I am sure that many folks prolly feel that it is a stretch. Lindsay is a popular name and one of my favourite 'Lindsay's', is the Lindsay that played 'Jamie Sommers', the Bionic Woman!! But when I first saw the commercial, I thought it was a dig at Lindsay Lohan myself. And I most definitely saw it as play off Miss Lohan and her tabloid exploits.
No, I don't have a problem with her thinking that it was a take on her. What I DO have a problem with is the projecting of adult themes thru babies to infantilize the behaviour.
This is the SECOND time ETrade has ran a commercial that I think crossed the lines. There is an older one which I couldn't find, where the baby is looking at his phone and presumably a girl baby sends him a 'sexting' kind of photo. That was another 'WTF' moment for me. Uh no, I DON'T see the same things as everyone else!! I am always 'catching' other hidden messages in media. Sorry about it, but it DOES provide me a segue into the meat of what is on my mind.
IF BEING CAREFREE IS THE GOAL, WHAT THEN IS ITS PRICE?
In my post on 'The Speed of Time', I mentioned that I would be cool with the consequence of my not finding a partner... implying that I had met and more than likely missed my chance. Either way you slice it, one in a million or not, I was good with having taken a run and not making a relationship work.
The 'other thing' that I did not mention is that I am also cool with being single. Lonely is not the same for me as being alone. Perhaps that is the final consequence of having burned through relationships. I can say that I have met a soulmate (My Delta Girl), met someone who was willing to give me a chance (Tee Jay) and now have been with an ex (Mookie Dee). Is there any other areas of relationships that I should explore? Not to mention that I actually didn't THINK I would ever get married when I left home for the Army.
That is right... after high school I wasn't prepared for the attention that I would get from women. Which is how it was when the girl I refer to as 'Jenny' and I got together. In school, she didn't know I existed. But in the Army in Korea, that changed. She was the one who initiated whatever we had.
Admitting to lacking the character to sustain a relationship was one of the reasons that I didn't lose my mind when Mookie started tippin'. I wanted to be as stand up as I could, to see if that made a difference. Wondering if I had bailed out on people, that by standing in when things got rough, was sticking in the tough going what I needed to do to find lasting love.
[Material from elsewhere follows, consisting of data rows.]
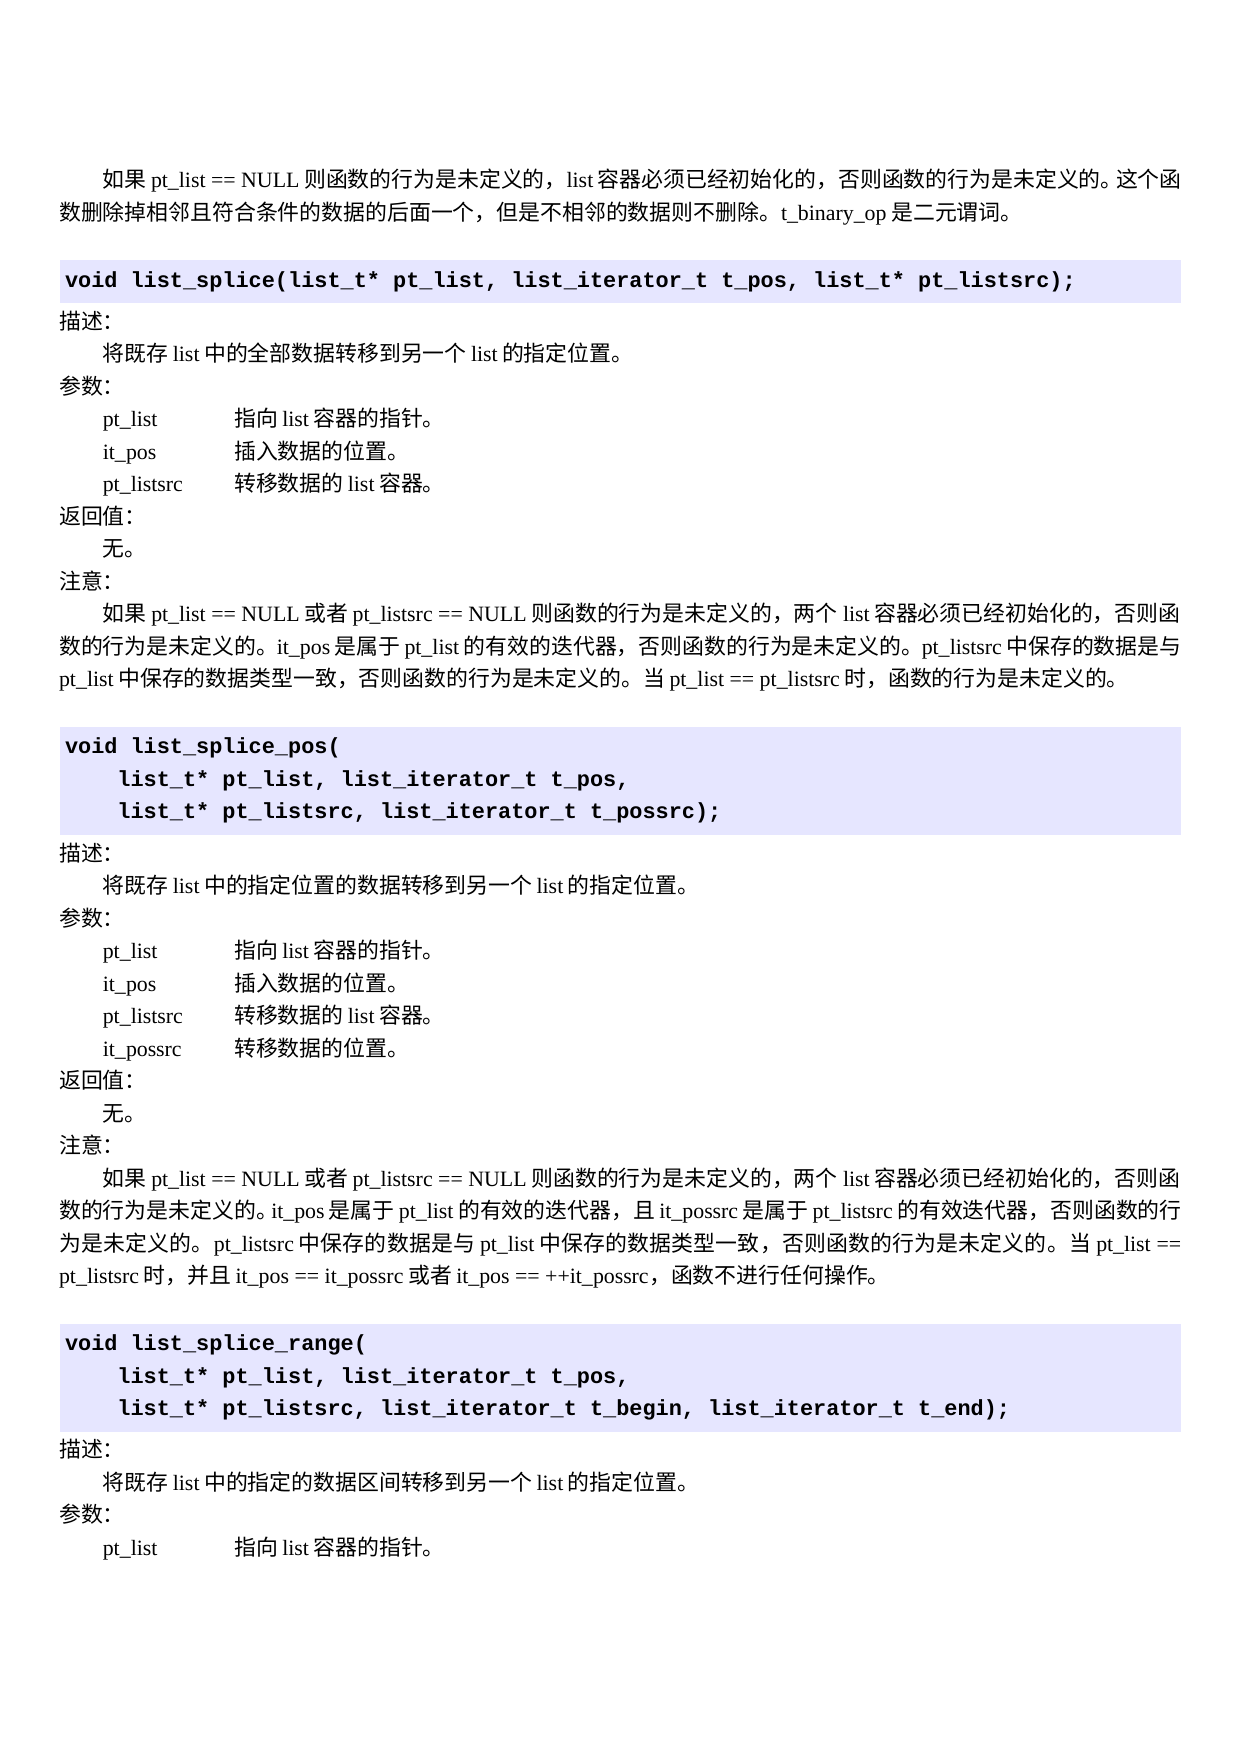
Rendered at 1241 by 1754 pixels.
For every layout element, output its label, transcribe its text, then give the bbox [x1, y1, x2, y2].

text it_pos 插入数据的位置。 [59, 965, 1181, 998]
text 将既存list中的指定的数据区间转移到另一个list的指定位置。 [59, 1464, 1181, 1497]
text 将既存list中的指定位置的数据转移到另一个list的指定位置。 [59, 868, 1181, 900]
text pt_list 指向list容器的指针。 [59, 401, 1181, 433]
text it_possrc 转移数据的位置。 [59, 1030, 1181, 1063]
table_header void list_splice_range( list_t* pt_list, list_iterator_t t_pos, list_t* pt_listsrc, list_iterator_t t_begin, list_iterator_t t_end); [60, 1324, 1181, 1432]
text 无。 [59, 531, 1181, 563]
text pt_listsrc 转移数据的list容器。 [59, 466, 1181, 498]
text 返回值： [59, 498, 1181, 531]
text 参数： [59, 368, 1181, 401]
text 无。 [59, 1095, 1181, 1128]
text 描述： [59, 836, 1181, 868]
text 如果pt_list == NULL则函数的行为是未定义的，list容器必须已经初始化的，否则函数的行为是未定义的。这个函数删除掉相邻且符合条件的数据的后面一个，但是不相邻的数据则不删除。t_binary_op是二元谓词。 [59, 162, 1181, 227]
text 如果pt_list == NULL或者pt_listsrc == NULL则函数的行为是未定义的，两个list容器必须已经初始化的，否则函数的行为是未定义的。it_pos是属于pt_list的有效的迭代器，且it_possrc是属于pt_listsrc的有效迭代器，否则函数的行为是未定义的。pt_listsrc中保存的数据是与pt_list中保存的数据类型一致，否则函数的行为是未定义的。当pt_list == pt_listsrc时，并且it_pos == it_possrc或者it_pos == ++it_possrc，函数不进行任何操作。 [59, 1160, 1181, 1290]
text 注意： [59, 1128, 1181, 1160]
text 注意： [59, 563, 1181, 596]
text 参数： [59, 1497, 1181, 1529]
text it_pos 插入数据的位置。 [59, 433, 1181, 466]
text 描述： [59, 305, 1181, 336]
text 描述： [59, 1433, 1181, 1464]
table_header void list_splice(list_t* pt_list, list_iterator_t t_pos, list_t* pt_listsrc); [60, 260, 1181, 303]
text 将既存list中的全部数据转移到另一个list的指定位置。 [59, 336, 1181, 368]
text pt_list 指向list容器的指针。 [59, 933, 1181, 965]
text 参数： [59, 900, 1181, 933]
text 返回值： [59, 1063, 1181, 1095]
text 如果pt_list == NULL或者pt_listsrc == NULL则函数的行为是未定义的，两个list容器必须已经初始化的，否则函数的行为是未定义的。it_pos是属于pt_list的有效的迭代器，否则函数的行为是未定义的。pt_listsrc中保存的数据是与pt_list中保存的数据类型一致，否则函数的行为是未定义的。当pt_list == pt_listsrc时，函数的行为是未定义的。 [59, 596, 1181, 693]
table_header void list_splice_pos( list_t* pt_list, list_iterator_t t_pos, list_t* pt_listsrc, list_iterator_t t_possrc); [60, 727, 1181, 835]
text pt_list 指向list容器的指针。 [59, 1529, 1181, 1562]
text pt_listsrc 转移数据的list容器。 [59, 998, 1181, 1030]
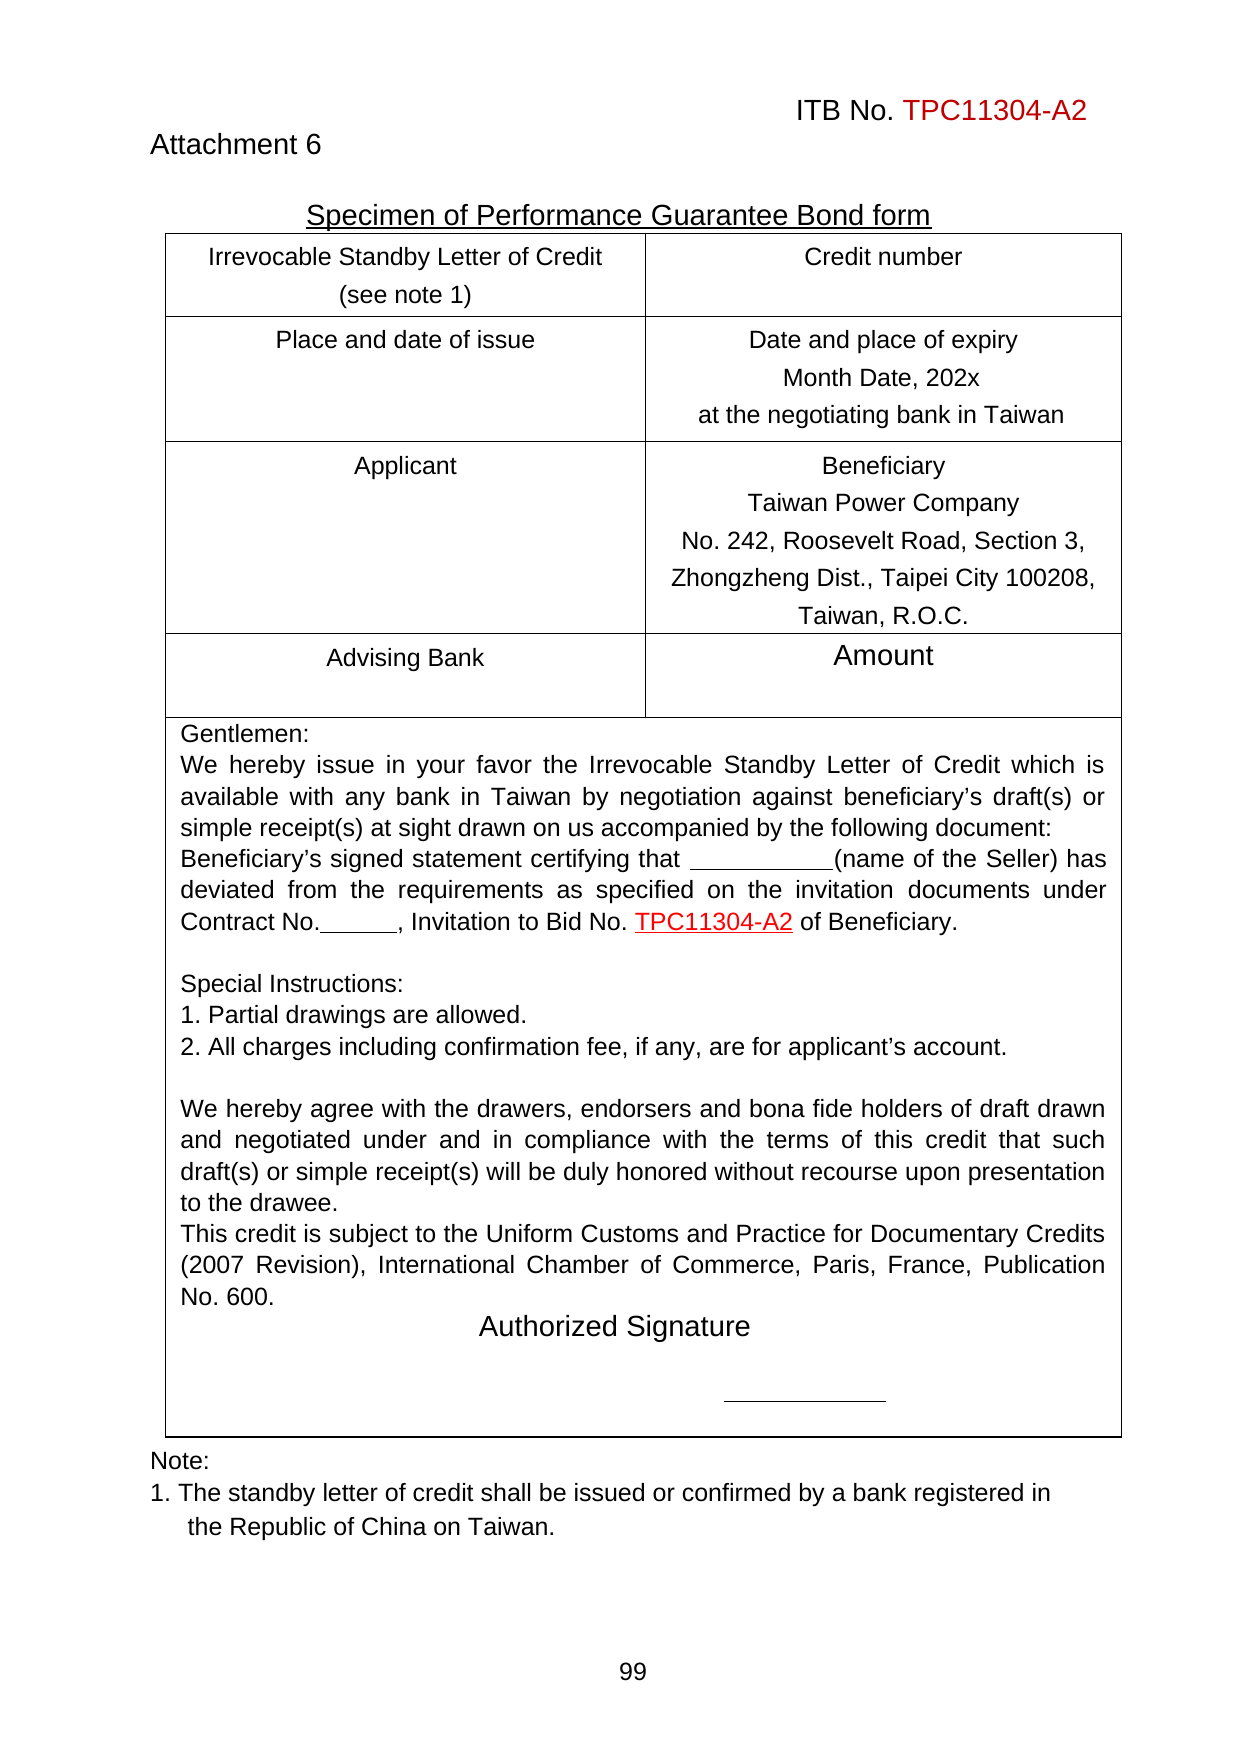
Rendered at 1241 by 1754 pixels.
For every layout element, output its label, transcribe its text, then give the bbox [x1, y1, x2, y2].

table_cell Amount [646, 634, 1121, 717]
table_cell Place and date of issue [166, 317, 645, 441]
table_cell Date and place of expiry Month Date, 202x at the negotiating bank in Taiwan [646, 317, 1121, 441]
title Attachment 6 [150, 126, 1087, 162]
text 1. The standby letter of credit shall be issued or confirmed by a bank registered in the Republic of China on Taiwan. [150, 1475, 1087, 1542]
text Note: [150, 1437, 1087, 1475]
table_header Irrevocable Standby Letter of Credit (see note 1) [166, 234, 645, 316]
table_header Credit number [646, 234, 1121, 316]
table_cell Gentlemen: We hereby issue in your favor the Irrevocable Standby Letter of Credit which is available with any bank in Taiwan by negotiation against beneficiary’s draft(s) or simple receipt(s) at sight drawn on us accompanied by the following document: Beneficiary’s signed statement certifying that (name of the Seller) has deviated from the requirements as specified on the invitation documents under Contract No. , Invitation to Bid No. TPC11304-A2 of Beneficiary. Special Instructions: 1. Partial drawings are allowed. 2. All charges including confirmation fee, if any, are for applicant’s account. We hereby agree with the drawers, endorsers and bona fide holders of draft drawn and negotiated under and in compliance with the terms of this credit that such draft(s) or simple receipt(s) will be duly honored without recourse upon presentation to the drawee. This credit is subject to the Uniform Customs and Practice for Documentary Credits (2007 Revision), International Chamber of Commerce, Paris, France, Publication No. 600. Authorized Signature [166, 718, 1121, 1436]
title Specimen of Performance Guarantee Bond form [150, 197, 1087, 232]
table_cell Beneficiary Taiwan Power Company No. 242, Roosevelt Road, Section 3, Zhongzheng Dist., Taipei City 100208, Taiwan, R.O.C. [646, 442, 1121, 633]
table_cell Advising Bank [166, 634, 645, 717]
table_cell Applicant [166, 442, 645, 633]

Then I remembered. The 'Ex-List'. It was all about creating in my mind an excuse to go after Tee Jay. When she was lukewarm to a prospective relationship with me, I was not only good, but relieved. Relieved, because I had survived what could have been emotionally, a disastrous episode in my life none the worse for wear. And what I could think about when I left the provencial town, was how I had verified why I should have left my past behind me.
URINE ONLY SMELLS WHEN THE IT HITS THE AIR
I like me. For real. It has never mattered much to me what other people thought of a brother, good or bad, because either way they'd been off the mark. Besides, I was the only one who had to think something of me. Coming out into the world and getting in the tangle that I did, was due a large part because I didn't do 'me'.
A friend of mind was recently wondering if they would ever find someone to be with. I looked at their age and what they had going on with their life. Because I let 'Mark' slide as a priority in my life, and can directly link some of my 'life fail' to the negative impact others on my pursuits...
That is something. So I (hope!!) I told my friend that they should continue to make the most of themselves. Does love find you... maybe it does. I feel like it found me and I wasn't really looking for it! I do think that by taking care of their own business that they'd position themselves for the best relationship possible.
Is it the road that I wished that I had taken..? Yup. To be forced to live as potential never realized sucks balls. The times that I felt like I was being something was when I was to myself.
My actual life goals were within reach. I didn't make sure that I would get there. I wasn't driven enough to make the life that I wanted to happen. And THAT a lesson that I think I never learned.
3 comments:
It is never too late - not as long as you're breathing.
"I like me."
I like you too.
: )
Doing what you do for you is the key, it does not matter what others think, only what you know and feel.